So what all tends to be custom added? Generally it boils down to icons. Icons icons icons. Icons for presence, Icons for representing the transport, etc etc. I don’t think I’ve ever seen anything beyond icons that couldn’t be determined from disco queries. So why couldn’t service icons be provided by the service itself? I could see something along the lines of using pubsub where the transport publishes it’s icon sets, one for service icons (maybe a set of different standardized sizes) and one for presence representation icons. That way a client could just come in and go “gimme the icons I should use” and move on. I admit my knowledge of pubsub is -still- limited, but my understanding is that there are version numbers associated with the published data, and the client could cache what it got and simply check for “is there a newer set?”.
The primary caveat here that I can think of is, that pulls the ‘control’ of the icons away from the client and into the transport, and there’s always a chance that the client doesn’t “like” the icons the transport is sharing. Of course, for the most part the clients are aiming to use icons similar to those of the service the transport is providing, so they kind of already have to deal with the possibility that for example AIM’s icon might not look great in their client. So the question is … would client authors use this or just end up scoffing at icons coming from the transports themselves?
I suppose if the clients really felt like they needed to have different icons for some services, they could always override what they’re getting from the transport and do their own anyway. It just always feels like a hackjob to me to see things like “if this JID matches with aim.* then use the AIM set”. Especially those instances make me cringe because JIDs can be anything for those transports, where the transports -will- be providing a gateway identity that tells you flat out what service it is, assuming the transport authors bothered to follow spec.
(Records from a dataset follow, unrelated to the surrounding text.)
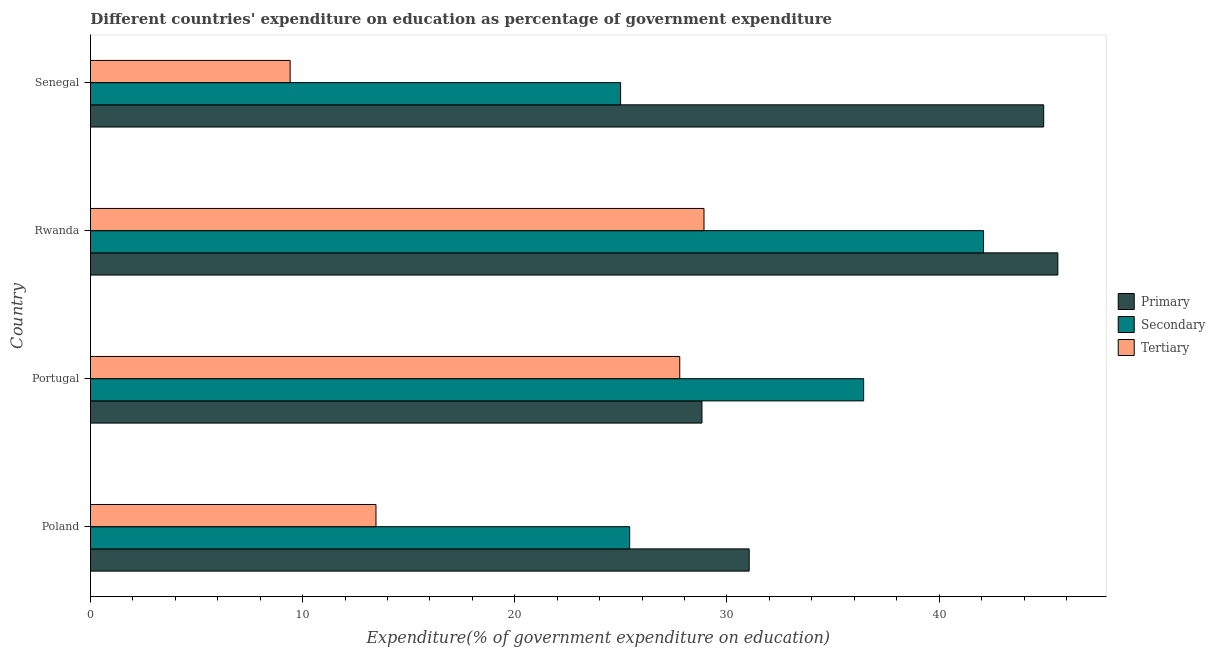How many groups of bars are there?
Keep it short and to the point. 4. Are the number of bars per tick equal to the number of legend labels?
Keep it short and to the point. Yes. What is the label of the 1st group of bars from the top?
Give a very brief answer. Senegal. What is the expenditure on tertiary education in Poland?
Your response must be concise. 13.46. Across all countries, what is the maximum expenditure on secondary education?
Ensure brevity in your answer.  42.09. Across all countries, what is the minimum expenditure on tertiary education?
Your answer should be very brief. 9.41. In which country was the expenditure on primary education maximum?
Ensure brevity in your answer.  Rwanda. In which country was the expenditure on tertiary education minimum?
Your answer should be compact. Senegal. What is the total expenditure on tertiary education in the graph?
Offer a terse response. 79.56. What is the difference between the expenditure on primary education in Rwanda and that in Senegal?
Provide a short and direct response. 0.67. What is the difference between the expenditure on tertiary education in Poland and the expenditure on secondary education in Rwanda?
Your response must be concise. -28.64. What is the average expenditure on primary education per country?
Ensure brevity in your answer.  37.6. What is the difference between the expenditure on tertiary education and expenditure on primary education in Senegal?
Give a very brief answer. -35.52. What is the ratio of the expenditure on tertiary education in Rwanda to that in Senegal?
Give a very brief answer. 3.07. Is the expenditure on tertiary education in Poland less than that in Senegal?
Make the answer very short. No. Is the difference between the expenditure on primary education in Poland and Senegal greater than the difference between the expenditure on tertiary education in Poland and Senegal?
Give a very brief answer. No. What is the difference between the highest and the second highest expenditure on primary education?
Give a very brief answer. 0.67. What is the difference between the highest and the lowest expenditure on secondary education?
Make the answer very short. 17.11. In how many countries, is the expenditure on primary education greater than the average expenditure on primary education taken over all countries?
Provide a short and direct response. 2. What does the 3rd bar from the top in Poland represents?
Give a very brief answer. Primary. What does the 3rd bar from the bottom in Senegal represents?
Offer a terse response. Tertiary. Is it the case that in every country, the sum of the expenditure on primary education and expenditure on secondary education is greater than the expenditure on tertiary education?
Your response must be concise. Yes. How many bars are there?
Give a very brief answer. 12. Are all the bars in the graph horizontal?
Provide a short and direct response. Yes. Does the graph contain any zero values?
Offer a very short reply. No. How many legend labels are there?
Offer a very short reply. 3. How are the legend labels stacked?
Your answer should be compact. Vertical. What is the title of the graph?
Your answer should be very brief. Different countries' expenditure on education as percentage of government expenditure. Does "Taxes on income" appear as one of the legend labels in the graph?
Provide a succinct answer. No. What is the label or title of the X-axis?
Your answer should be compact. Expenditure(% of government expenditure on education). What is the Expenditure(% of government expenditure on education) in Primary in Poland?
Give a very brief answer. 31.05. What is the Expenditure(% of government expenditure on education) in Secondary in Poland?
Keep it short and to the point. 25.41. What is the Expenditure(% of government expenditure on education) in Tertiary in Poland?
Make the answer very short. 13.46. What is the Expenditure(% of government expenditure on education) of Primary in Portugal?
Offer a terse response. 28.82. What is the Expenditure(% of government expenditure on education) in Secondary in Portugal?
Ensure brevity in your answer.  36.44. What is the Expenditure(% of government expenditure on education) of Tertiary in Portugal?
Provide a short and direct response. 27.77. What is the Expenditure(% of government expenditure on education) of Primary in Rwanda?
Ensure brevity in your answer.  45.6. What is the Expenditure(% of government expenditure on education) of Secondary in Rwanda?
Your response must be concise. 42.09. What is the Expenditure(% of government expenditure on education) of Tertiary in Rwanda?
Provide a short and direct response. 28.92. What is the Expenditure(% of government expenditure on education) in Primary in Senegal?
Keep it short and to the point. 44.93. What is the Expenditure(% of government expenditure on education) in Secondary in Senegal?
Ensure brevity in your answer.  24.99. What is the Expenditure(% of government expenditure on education) in Tertiary in Senegal?
Provide a short and direct response. 9.41. Across all countries, what is the maximum Expenditure(% of government expenditure on education) of Primary?
Provide a short and direct response. 45.6. Across all countries, what is the maximum Expenditure(% of government expenditure on education) in Secondary?
Ensure brevity in your answer.  42.09. Across all countries, what is the maximum Expenditure(% of government expenditure on education) of Tertiary?
Your answer should be compact. 28.92. Across all countries, what is the minimum Expenditure(% of government expenditure on education) in Primary?
Make the answer very short. 28.82. Across all countries, what is the minimum Expenditure(% of government expenditure on education) of Secondary?
Give a very brief answer. 24.99. Across all countries, what is the minimum Expenditure(% of government expenditure on education) of Tertiary?
Provide a short and direct response. 9.41. What is the total Expenditure(% of government expenditure on education) in Primary in the graph?
Offer a very short reply. 150.39. What is the total Expenditure(% of government expenditure on education) of Secondary in the graph?
Give a very brief answer. 128.94. What is the total Expenditure(% of government expenditure on education) in Tertiary in the graph?
Your response must be concise. 79.56. What is the difference between the Expenditure(% of government expenditure on education) of Primary in Poland and that in Portugal?
Give a very brief answer. 2.23. What is the difference between the Expenditure(% of government expenditure on education) in Secondary in Poland and that in Portugal?
Keep it short and to the point. -11.03. What is the difference between the Expenditure(% of government expenditure on education) of Tertiary in Poland and that in Portugal?
Offer a very short reply. -14.32. What is the difference between the Expenditure(% of government expenditure on education) of Primary in Poland and that in Rwanda?
Your answer should be very brief. -14.55. What is the difference between the Expenditure(% of government expenditure on education) in Secondary in Poland and that in Rwanda?
Offer a terse response. -16.68. What is the difference between the Expenditure(% of government expenditure on education) in Tertiary in Poland and that in Rwanda?
Your response must be concise. -15.46. What is the difference between the Expenditure(% of government expenditure on education) in Primary in Poland and that in Senegal?
Your answer should be compact. -13.88. What is the difference between the Expenditure(% of government expenditure on education) in Secondary in Poland and that in Senegal?
Offer a very short reply. 0.43. What is the difference between the Expenditure(% of government expenditure on education) of Tertiary in Poland and that in Senegal?
Provide a short and direct response. 4.05. What is the difference between the Expenditure(% of government expenditure on education) in Primary in Portugal and that in Rwanda?
Provide a succinct answer. -16.77. What is the difference between the Expenditure(% of government expenditure on education) in Secondary in Portugal and that in Rwanda?
Your response must be concise. -5.65. What is the difference between the Expenditure(% of government expenditure on education) in Tertiary in Portugal and that in Rwanda?
Give a very brief answer. -1.14. What is the difference between the Expenditure(% of government expenditure on education) in Primary in Portugal and that in Senegal?
Provide a short and direct response. -16.11. What is the difference between the Expenditure(% of government expenditure on education) in Secondary in Portugal and that in Senegal?
Provide a succinct answer. 11.46. What is the difference between the Expenditure(% of government expenditure on education) of Tertiary in Portugal and that in Senegal?
Ensure brevity in your answer.  18.36. What is the difference between the Expenditure(% of government expenditure on education) of Primary in Rwanda and that in Senegal?
Your answer should be very brief. 0.67. What is the difference between the Expenditure(% of government expenditure on education) in Secondary in Rwanda and that in Senegal?
Offer a very short reply. 17.11. What is the difference between the Expenditure(% of government expenditure on education) of Tertiary in Rwanda and that in Senegal?
Make the answer very short. 19.51. What is the difference between the Expenditure(% of government expenditure on education) in Primary in Poland and the Expenditure(% of government expenditure on education) in Secondary in Portugal?
Your answer should be very brief. -5.39. What is the difference between the Expenditure(% of government expenditure on education) in Primary in Poland and the Expenditure(% of government expenditure on education) in Tertiary in Portugal?
Make the answer very short. 3.27. What is the difference between the Expenditure(% of government expenditure on education) of Secondary in Poland and the Expenditure(% of government expenditure on education) of Tertiary in Portugal?
Provide a succinct answer. -2.36. What is the difference between the Expenditure(% of government expenditure on education) of Primary in Poland and the Expenditure(% of government expenditure on education) of Secondary in Rwanda?
Provide a short and direct response. -11.05. What is the difference between the Expenditure(% of government expenditure on education) in Primary in Poland and the Expenditure(% of government expenditure on education) in Tertiary in Rwanda?
Ensure brevity in your answer.  2.13. What is the difference between the Expenditure(% of government expenditure on education) of Secondary in Poland and the Expenditure(% of government expenditure on education) of Tertiary in Rwanda?
Offer a very short reply. -3.5. What is the difference between the Expenditure(% of government expenditure on education) of Primary in Poland and the Expenditure(% of government expenditure on education) of Secondary in Senegal?
Offer a terse response. 6.06. What is the difference between the Expenditure(% of government expenditure on education) of Primary in Poland and the Expenditure(% of government expenditure on education) of Tertiary in Senegal?
Offer a very short reply. 21.64. What is the difference between the Expenditure(% of government expenditure on education) in Secondary in Poland and the Expenditure(% of government expenditure on education) in Tertiary in Senegal?
Ensure brevity in your answer.  16. What is the difference between the Expenditure(% of government expenditure on education) of Primary in Portugal and the Expenditure(% of government expenditure on education) of Secondary in Rwanda?
Offer a terse response. -13.27. What is the difference between the Expenditure(% of government expenditure on education) in Primary in Portugal and the Expenditure(% of government expenditure on education) in Tertiary in Rwanda?
Offer a terse response. -0.1. What is the difference between the Expenditure(% of government expenditure on education) of Secondary in Portugal and the Expenditure(% of government expenditure on education) of Tertiary in Rwanda?
Ensure brevity in your answer.  7.52. What is the difference between the Expenditure(% of government expenditure on education) of Primary in Portugal and the Expenditure(% of government expenditure on education) of Secondary in Senegal?
Your answer should be very brief. 3.83. What is the difference between the Expenditure(% of government expenditure on education) of Primary in Portugal and the Expenditure(% of government expenditure on education) of Tertiary in Senegal?
Ensure brevity in your answer.  19.41. What is the difference between the Expenditure(% of government expenditure on education) in Secondary in Portugal and the Expenditure(% of government expenditure on education) in Tertiary in Senegal?
Offer a terse response. 27.03. What is the difference between the Expenditure(% of government expenditure on education) in Primary in Rwanda and the Expenditure(% of government expenditure on education) in Secondary in Senegal?
Ensure brevity in your answer.  20.61. What is the difference between the Expenditure(% of government expenditure on education) in Primary in Rwanda and the Expenditure(% of government expenditure on education) in Tertiary in Senegal?
Make the answer very short. 36.18. What is the difference between the Expenditure(% of government expenditure on education) in Secondary in Rwanda and the Expenditure(% of government expenditure on education) in Tertiary in Senegal?
Ensure brevity in your answer.  32.68. What is the average Expenditure(% of government expenditure on education) in Primary per country?
Your answer should be very brief. 37.6. What is the average Expenditure(% of government expenditure on education) in Secondary per country?
Provide a succinct answer. 32.23. What is the average Expenditure(% of government expenditure on education) in Tertiary per country?
Offer a terse response. 19.89. What is the difference between the Expenditure(% of government expenditure on education) in Primary and Expenditure(% of government expenditure on education) in Secondary in Poland?
Your response must be concise. 5.63. What is the difference between the Expenditure(% of government expenditure on education) in Primary and Expenditure(% of government expenditure on education) in Tertiary in Poland?
Keep it short and to the point. 17.59. What is the difference between the Expenditure(% of government expenditure on education) of Secondary and Expenditure(% of government expenditure on education) of Tertiary in Poland?
Offer a very short reply. 11.96. What is the difference between the Expenditure(% of government expenditure on education) of Primary and Expenditure(% of government expenditure on education) of Secondary in Portugal?
Your response must be concise. -7.62. What is the difference between the Expenditure(% of government expenditure on education) in Primary and Expenditure(% of government expenditure on education) in Tertiary in Portugal?
Your answer should be very brief. 1.05. What is the difference between the Expenditure(% of government expenditure on education) of Secondary and Expenditure(% of government expenditure on education) of Tertiary in Portugal?
Your response must be concise. 8.67. What is the difference between the Expenditure(% of government expenditure on education) of Primary and Expenditure(% of government expenditure on education) of Secondary in Rwanda?
Offer a very short reply. 3.5. What is the difference between the Expenditure(% of government expenditure on education) of Primary and Expenditure(% of government expenditure on education) of Tertiary in Rwanda?
Provide a succinct answer. 16.68. What is the difference between the Expenditure(% of government expenditure on education) of Secondary and Expenditure(% of government expenditure on education) of Tertiary in Rwanda?
Offer a very short reply. 13.17. What is the difference between the Expenditure(% of government expenditure on education) of Primary and Expenditure(% of government expenditure on education) of Secondary in Senegal?
Give a very brief answer. 19.94. What is the difference between the Expenditure(% of government expenditure on education) in Primary and Expenditure(% of government expenditure on education) in Tertiary in Senegal?
Ensure brevity in your answer.  35.52. What is the difference between the Expenditure(% of government expenditure on education) in Secondary and Expenditure(% of government expenditure on education) in Tertiary in Senegal?
Your answer should be compact. 15.58. What is the ratio of the Expenditure(% of government expenditure on education) of Primary in Poland to that in Portugal?
Keep it short and to the point. 1.08. What is the ratio of the Expenditure(% of government expenditure on education) of Secondary in Poland to that in Portugal?
Offer a terse response. 0.7. What is the ratio of the Expenditure(% of government expenditure on education) of Tertiary in Poland to that in Portugal?
Offer a terse response. 0.48. What is the ratio of the Expenditure(% of government expenditure on education) of Primary in Poland to that in Rwanda?
Your response must be concise. 0.68. What is the ratio of the Expenditure(% of government expenditure on education) in Secondary in Poland to that in Rwanda?
Ensure brevity in your answer.  0.6. What is the ratio of the Expenditure(% of government expenditure on education) in Tertiary in Poland to that in Rwanda?
Your answer should be compact. 0.47. What is the ratio of the Expenditure(% of government expenditure on education) of Primary in Poland to that in Senegal?
Ensure brevity in your answer.  0.69. What is the ratio of the Expenditure(% of government expenditure on education) in Secondary in Poland to that in Senegal?
Your response must be concise. 1.02. What is the ratio of the Expenditure(% of government expenditure on education) in Tertiary in Poland to that in Senegal?
Keep it short and to the point. 1.43. What is the ratio of the Expenditure(% of government expenditure on education) of Primary in Portugal to that in Rwanda?
Give a very brief answer. 0.63. What is the ratio of the Expenditure(% of government expenditure on education) of Secondary in Portugal to that in Rwanda?
Your answer should be compact. 0.87. What is the ratio of the Expenditure(% of government expenditure on education) of Tertiary in Portugal to that in Rwanda?
Make the answer very short. 0.96. What is the ratio of the Expenditure(% of government expenditure on education) of Primary in Portugal to that in Senegal?
Make the answer very short. 0.64. What is the ratio of the Expenditure(% of government expenditure on education) of Secondary in Portugal to that in Senegal?
Offer a terse response. 1.46. What is the ratio of the Expenditure(% of government expenditure on education) in Tertiary in Portugal to that in Senegal?
Make the answer very short. 2.95. What is the ratio of the Expenditure(% of government expenditure on education) in Primary in Rwanda to that in Senegal?
Offer a very short reply. 1.01. What is the ratio of the Expenditure(% of government expenditure on education) in Secondary in Rwanda to that in Senegal?
Your answer should be compact. 1.68. What is the ratio of the Expenditure(% of government expenditure on education) of Tertiary in Rwanda to that in Senegal?
Offer a terse response. 3.07. What is the difference between the highest and the second highest Expenditure(% of government expenditure on education) in Primary?
Give a very brief answer. 0.67. What is the difference between the highest and the second highest Expenditure(% of government expenditure on education) in Secondary?
Provide a succinct answer. 5.65. What is the difference between the highest and the second highest Expenditure(% of government expenditure on education) of Tertiary?
Provide a succinct answer. 1.14. What is the difference between the highest and the lowest Expenditure(% of government expenditure on education) in Primary?
Your answer should be compact. 16.77. What is the difference between the highest and the lowest Expenditure(% of government expenditure on education) in Secondary?
Keep it short and to the point. 17.11. What is the difference between the highest and the lowest Expenditure(% of government expenditure on education) in Tertiary?
Keep it short and to the point. 19.51.

It’s been a little while since I thought much about my illustrious IM Gateway plugin for Openfire. My previous job kept me a tad too busy with other things for me to really have time for it, or be interested in spending my free time on it. Now, let me prefix this by saying I don’t have a lot of free time right now, and I may not for a while. That said, I had some time to step back and look at the IM Gateway plugin and think about some possibilities.
So first off, I don’t really know the state of the Py*t transports. Last I heard there was no one maintaining them really anymore. That is a shame as I was hoping to see them flourish outside my involvement. If that’s not true, then I certainly apologize — just know it’s because I haven’t kept up well. Regardless, I found that I prefer Java to Python for the most part anyway. So would I take those projects back if they were offered to me? Probably not to be frank.
But the IM Gateway plugin — The fact that it only works with Openfire I feel is a disservice to other server implementations, but overall it’s a very cool implementation that tackled some issues with external implementations. But if you need to restart the IM Gateway plugin, you have to take the server with it. Java seems to have a habit of being very plugin-able friendly but then easy to break things with it’s container. I’m seeing that with an application server I’m working with — it’s not hard for an app to break the application server.
So I began thinking about what core things the IM Gateway plugin does that the Pys did not. Primarily it revolves around direct internal access to user’s rosters so that things could trivially be kept in sync. Things being, nicknames, groups, actual rosters, etc. So pulling back I’m wondering how feasible it would be to do something like this:
1. Strip away the ties of the IM Gateway plugin to Openfire and make the implementation standalone
2. Take that stripped away part and turn it into a small “helper” plugin that works with the external gateway implementation to accomplish the same goals
3. Similarly, write a small “helper” plugin for ejabberd that does the same thing
4. What about other servers I don’t have interest/time to write helper plugins for? Well then the transports would act like any other external transport.
How would these helper plugins do their jobs? Well somehow they’d have to have open communication back and forth with the actual transports to manage rosters, maybe even intercept packets and munge them a bit. A little ugly but hey.
As you can probably tell, over the years I have never come up with some solution that could be formed into an XEP for all of this. At some level I continue to help that I’ll see the light through my experiments here, but I’m not holding my breath. In the meantime I’d like to see solid transports that work for everyone. Writing an ejabberd plugin would give me a real reason to learn erlang and really see what it can do.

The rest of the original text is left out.